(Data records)
* * * * * * * * *
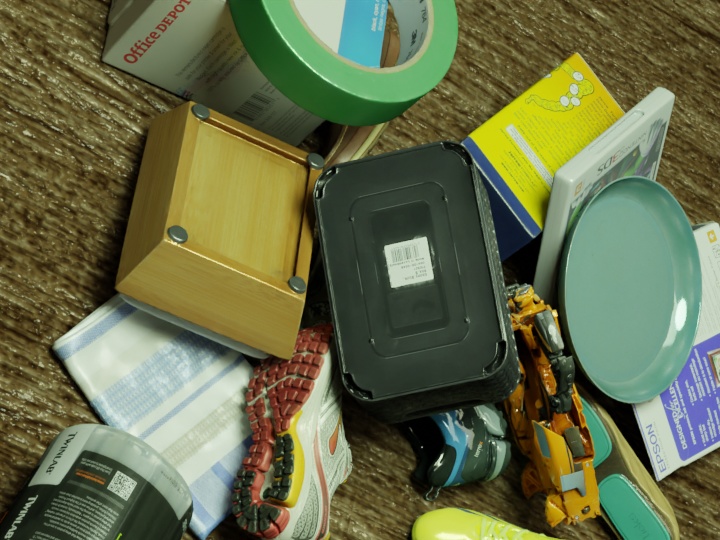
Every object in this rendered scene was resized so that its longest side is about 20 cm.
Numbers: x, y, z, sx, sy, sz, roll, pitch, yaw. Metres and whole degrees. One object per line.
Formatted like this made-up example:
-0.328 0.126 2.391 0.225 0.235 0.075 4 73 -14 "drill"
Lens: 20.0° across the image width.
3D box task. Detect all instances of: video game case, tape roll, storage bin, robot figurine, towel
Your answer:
0.218 -0.046 1.865 0.023 0.201 0.182 29 45 24 "video game case"
-0.013 -0.220 1.685 0.199 0.048 0.202 15 60 -28 "tape roll"
0.046 0.010 1.660 0.134 0.094 0.202 -12 73 8 "storage bin"
0.153 0.110 1.742 0.058 0.145 0.201 -18 106 -9 "robot figurine"
-0.142 0.099 1.644 0.147 0.024 0.200 -38 91 -40 "towel"

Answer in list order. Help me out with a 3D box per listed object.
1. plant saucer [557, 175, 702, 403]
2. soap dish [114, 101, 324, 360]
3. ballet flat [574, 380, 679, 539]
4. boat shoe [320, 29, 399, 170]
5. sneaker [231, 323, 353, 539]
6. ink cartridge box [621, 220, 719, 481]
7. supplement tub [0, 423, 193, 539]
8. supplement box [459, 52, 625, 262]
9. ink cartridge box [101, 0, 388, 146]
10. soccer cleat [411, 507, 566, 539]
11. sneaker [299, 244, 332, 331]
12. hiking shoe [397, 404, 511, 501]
0.236 0.017 1.816 0.199 0.027 0.202 1 89 -45 "plant saucer"
-0.108 -0.038 1.672 0.156 0.081 0.201 24 43 -17 "soap dish"
0.219 0.175 1.840 0.201 0.068 0.063 57 22 0 "ballet flat"
-0.009 -0.148 1.834 0.067 0.072 0.201 33 46 -10 "boat shoe"
-0.047 0.134 1.642 0.082 0.077 0.201 39 51 -39 "sneaker"
0.295 0.074 1.916 0.199 0.043 0.200 -21 95 -42 "ink cartridge box"
-0.213 0.220 1.469 0.122 0.122 0.201 39 51 -12 "supplement tub"
0.150 -0.096 1.887 0.110 0.109 0.200 52 49 0 "supplement box"
-0.097 -0.232 1.761 0.199 0.147 0.146 23 56 -24 "ink cartridge box"
0.141 0.238 1.720 0.199 0.084 0.065 20 59 -12 "soccer cleat"
0.000 0.000 1.748 0.077 0.089 0.201 23 57 -23 "sneaker"
0.060 0.091 1.753 0.086 0.074 0.201 -12 71 -32 "hiking shoe"
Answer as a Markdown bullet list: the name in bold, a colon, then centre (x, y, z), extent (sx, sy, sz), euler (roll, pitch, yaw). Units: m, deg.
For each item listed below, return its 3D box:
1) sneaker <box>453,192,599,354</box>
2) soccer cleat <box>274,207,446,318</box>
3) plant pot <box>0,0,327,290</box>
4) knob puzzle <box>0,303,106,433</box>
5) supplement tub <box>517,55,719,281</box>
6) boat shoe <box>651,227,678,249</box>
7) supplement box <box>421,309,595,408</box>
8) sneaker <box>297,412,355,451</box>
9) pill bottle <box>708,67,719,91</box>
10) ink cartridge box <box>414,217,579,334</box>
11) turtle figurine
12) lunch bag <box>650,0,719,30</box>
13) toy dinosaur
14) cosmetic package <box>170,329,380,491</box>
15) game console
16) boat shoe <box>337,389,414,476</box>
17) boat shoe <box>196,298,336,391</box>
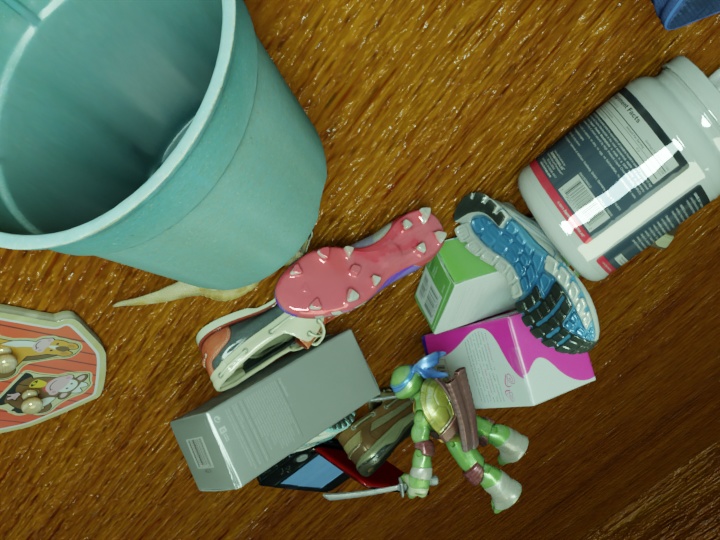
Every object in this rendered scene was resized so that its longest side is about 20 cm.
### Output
- **sneaker**: centre (0.186, -0.005, 0.841), extent (0.086, 0.201, 0.075), euler (-7, 145, -46)
- **soccer cleat**: centre (0.000, 0.000, 0.800), extent (0.198, 0.067, 0.077), euler (-28, 169, -28)
- **plant pot**: centre (-0.120, -0.082, 0.498), extent (0.198, 0.202, 0.196), euler (-32, 156, 8)
- **knob puzzle**: centre (-0.322, 0.108, 0.757), extent (0.216, 0.031, 0.221), euler (-21, 148, -13)
- **supplement tub**: centre (0.270, -0.099, 0.816), extent (0.199, 0.142, 0.140), euler (-38, 148, 17)
- **boat shoe**: centre (0.328, -0.080, 0.973), extent (0.201, 0.075, 0.076), euler (4, 123, -51)
- **supplement box**: centre (0.173, 0.106, 0.995), extent (0.102, 0.103, 0.199), euler (-14, 177, -26)
- **sneaker**: centre (-0.100, 0.207, 1.034), extent (0.197, 0.079, 0.087), euler (-1, 144, -37)
- **pill bottle**: centre (0.453, -0.150, 0.918), extent (0.111, 0.112, 0.199), euler (-41, 147, 22)
- **ink cartridge box**: centre (0.169, -0.001, 0.957), extent (0.197, 0.060, 0.105), euler (-15, 149, -20)
- **turtle figurine**: centre (0.084, 0.196, 0.941), extent (0.192, 0.144, 0.201), euler (35, 101, -12)
- **lunch bag**: centre (0.267, -0.274, 0.572), extent (0.197, 0.134, 0.136), euler (-19, 167, -13)
- **toy dinosaur**: centre (-0.125, 0.000, 0.728), extent (0.197, 0.059, 0.102), euler (-19, 149, -15)
- **cosmetic package**: centre (-0.088, 0.146, 0.866), extent (0.198, 0.092, 0.106), euler (-24, 179, -35)
- **game console**: centre (-0.024, 0.320, 1.217), extent (0.172, 0.120, 0.199), euler (-38, 147, 16)
- **boat shoe**: centre (0.045, 0.196, 1.124), extent (0.199, 0.074, 0.076), euler (-33, 158, -46)
- **boat shoe**: centre (-0.073, 0.059, 0.852), extent (0.197, 0.063, 0.072), euler (-24, 147, -10)
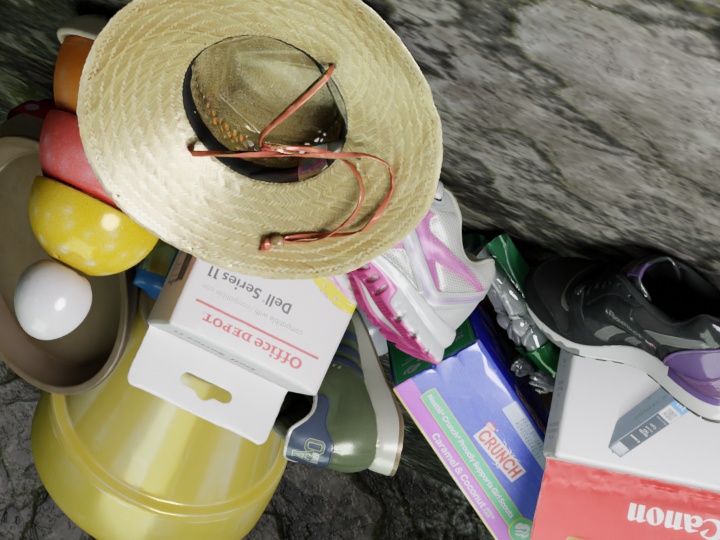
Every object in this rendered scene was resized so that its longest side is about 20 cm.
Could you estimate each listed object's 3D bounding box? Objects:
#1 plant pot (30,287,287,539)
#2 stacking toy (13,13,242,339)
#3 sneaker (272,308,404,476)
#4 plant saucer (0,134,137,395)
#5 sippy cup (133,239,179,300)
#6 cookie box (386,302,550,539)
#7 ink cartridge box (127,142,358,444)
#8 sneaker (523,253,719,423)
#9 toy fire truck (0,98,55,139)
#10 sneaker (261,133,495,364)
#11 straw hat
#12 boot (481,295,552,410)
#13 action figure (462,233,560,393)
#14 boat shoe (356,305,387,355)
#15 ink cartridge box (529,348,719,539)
[{"bbox_3d":[-0.136,0.092,1.768,0.201,0.201,0.189,25,133,-5],"label":"plant pot"},{"bbox_3d":[-0.165,-0.049,1.451,0.146,0.200,0.146,26,172,4],"label":"stacking toy"},{"bbox_3d":[-0.037,0.076,1.627,0.090,0.067,0.200,2,-150,-19],"label":"sneaker"},{"bbox_3d":[-0.232,-0.006,1.695,0.200,0.200,0.029,17,-153,40],"label":"plant saucer"},{"bbox_3d":[-0.096,-0.028,1.639,0.178,0.130,0.140,29,169,-30],"label":"sippy cup"},{"bbox_3d":[0.092,0.105,1.688,0.171,0.075,0.200,57,-174,-14],"label":"cookie box"},{"bbox_3d":[-0.063,0.007,1.528,0.117,0.200,0.067,26,171,-17],"label":"ink cartridge box"},{"bbox_3d":[0.180,0.015,1.445,0.200,0.076,0.088,26,146,43],"label":"sneaker"},{"bbox_3d":[-0.207,-0.054,1.824,0.129,0.176,0.200,19,-148,25],"label":"toy fire truck"},{"bbox_3d":[0.013,-0.037,1.480,0.200,0.088,0.081,52,165,-23],"label":"sneaker"},{"bbox_3d":[-0.050,-0.096,1.229,0.201,0.201,0.085,26,-146,-14],"label":"straw hat"},{"bbox_3d":[0.082,0.056,1.864,0.200,0.072,0.155,32,169,-8],"label":"boot"},{"bbox_3d":[0.135,0.061,1.604,0.200,0.055,0.118,50,176,-14],"label":"action figure"},{"bbox_3d":[-0.038,0.026,1.839,0.200,0.066,0.070,47,161,56],"label":"boat shoe"},{"bbox_3d":[0.222,0.140,1.528,0.200,0.176,0.045,12,174,-6],"label":"ink cartridge box"}]
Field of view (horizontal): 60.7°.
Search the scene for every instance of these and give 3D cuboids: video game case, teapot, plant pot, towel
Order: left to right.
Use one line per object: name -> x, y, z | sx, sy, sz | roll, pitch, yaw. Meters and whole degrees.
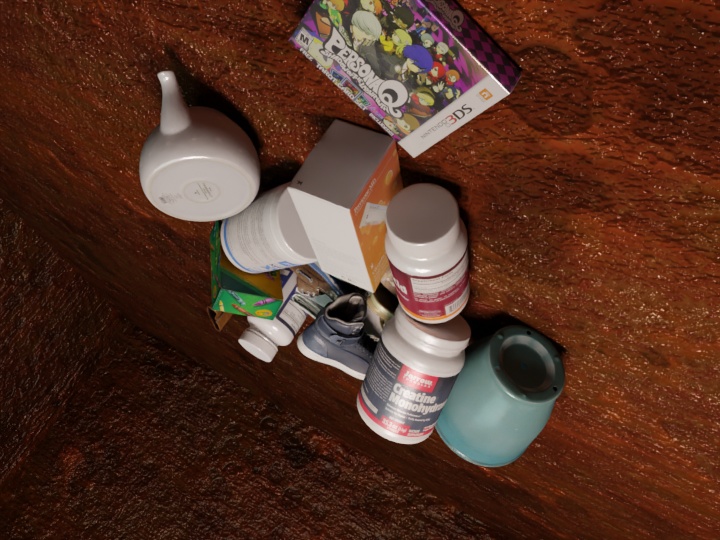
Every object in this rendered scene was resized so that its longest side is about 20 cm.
teapot -> -0.248, -0.181, 0.962 | 0.194, 0.149, 0.200 | 11, 146, -33
towel -> -0.034, 0.098, 1.263 | 0.148, 0.031, 0.199 | 33, -173, 34
video game case -> 0.037, -0.221, 0.633 | 0.199, 0.036, 0.181 | 40, 155, -15
plant pot -> 0.235, 0.193, 1.019 | 0.198, 0.201, 0.189 | 30, 142, 6

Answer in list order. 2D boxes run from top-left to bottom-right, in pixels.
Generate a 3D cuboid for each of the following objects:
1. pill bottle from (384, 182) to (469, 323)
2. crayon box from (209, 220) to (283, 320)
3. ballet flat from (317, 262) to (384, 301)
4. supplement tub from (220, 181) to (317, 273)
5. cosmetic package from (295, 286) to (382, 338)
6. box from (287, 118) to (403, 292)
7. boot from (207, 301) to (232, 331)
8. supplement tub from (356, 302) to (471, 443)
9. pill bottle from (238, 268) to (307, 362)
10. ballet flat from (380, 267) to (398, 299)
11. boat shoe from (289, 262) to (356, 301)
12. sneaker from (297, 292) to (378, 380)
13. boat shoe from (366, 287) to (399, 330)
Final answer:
pill bottle -> 0.094, -0.020, 0.856 | 0.113, 0.115, 0.201 | 22, 155, 23
crayon box -> -0.216, -0.008, 1.151 | 0.117, 0.202, 0.059 | 13, 130, -27
ballet flat -> 0.000, 0.000, 1.104 | 0.200, 0.073, 0.072 | 42, 156, -20
supplement tub -> -0.137, -0.069, 1.025 | 0.132, 0.133, 0.198 | 44, 151, -26
cosmetic package -> -0.023, 0.061, 1.205 | 0.198, 0.051, 0.082 | 29, -166, 11
box -> -0.007, -0.084, 0.851 | 0.096, 0.125, 0.201 | 22, 155, 23
boot -> -0.243, 0.049, 1.327 | 0.068, 0.202, 0.189 | 28, 157, 7
supplement tub -> 0.085, 0.160, 0.990 | 0.139, 0.140, 0.203 | 26, 115, 14
pill bottle -> -0.171, 0.087, 1.307 | 0.110, 0.202, 0.112 | 27, 157, 13
ballet flat -> 0.110, 0.050, 1.043 | 0.199, 0.069, 0.067 | 40, 145, -19
boat shoe -> -0.083, 0.012, 1.144 | 0.200, 0.073, 0.072 | 47, -165, 17
sneaker -> 0.005, 0.120, 1.097 | 0.199, 0.078, 0.147 | 19, 132, -21
boat shoe -> 0.071, 0.093, 1.090 | 0.199, 0.066, 0.075 | 32, -153, -42
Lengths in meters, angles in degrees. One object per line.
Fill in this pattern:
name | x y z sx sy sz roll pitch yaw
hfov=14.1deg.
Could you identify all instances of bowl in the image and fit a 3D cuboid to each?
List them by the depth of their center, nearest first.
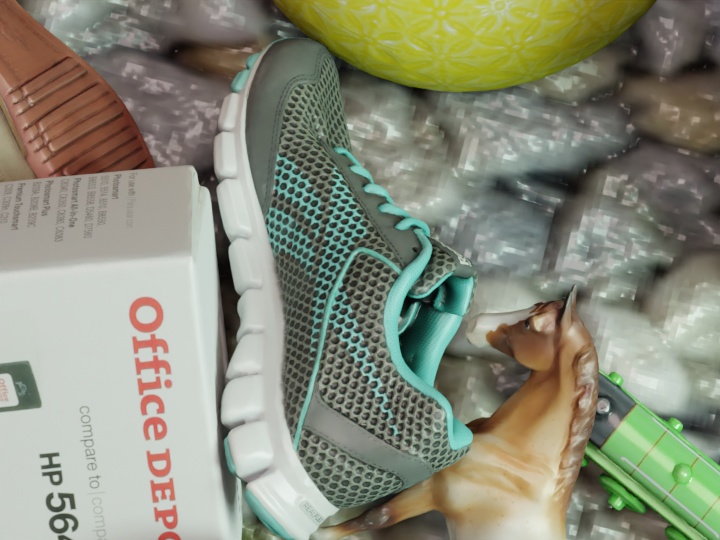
* * * * * * * * *
* EXERCISE DESCRIPTION: Word for word, give again the lines from the first entry to the line with "4. boat shoe [320, 29, 399, 170]", inclusive. Exclude the pictures.

* RESPONSE FOR THIS EXERCISE:
Every object in this rendered scene was resized so that its longest side is about 20 cm.
Numbers: x, y, z, sx, sy, sz, roll, pitch, yaw. Metres and whole degrees. One object per line.
Formatted like this made-up example:
-0.328 0.126 2.391 0.225 0.235 0.075 4 73 -14 "drill"
Lens: 20.0° across the image width.
3D box task. Detect all instances of: video game case, tape roll, storage bin, robot figurine, towel
Your answer:
0.218 -0.046 1.865 0.023 0.201 0.182 29 45 24 "video game case"
-0.013 -0.220 1.685 0.199 0.048 0.202 15 60 -28 "tape roll"
0.046 0.010 1.660 0.134 0.094 0.202 -12 73 8 "storage bin"
0.153 0.110 1.742 0.058 0.145 0.201 -18 106 -9 "robot figurine"
-0.142 0.099 1.644 0.147 0.024 0.200 -38 91 -40 "towel"

Answer in list order. Help me out with a 3D box per listed object.
1. plant saucer [557, 175, 702, 403]
2. soap dish [114, 101, 324, 360]
3. ballet flat [574, 380, 679, 539]
4. boat shoe [320, 29, 399, 170]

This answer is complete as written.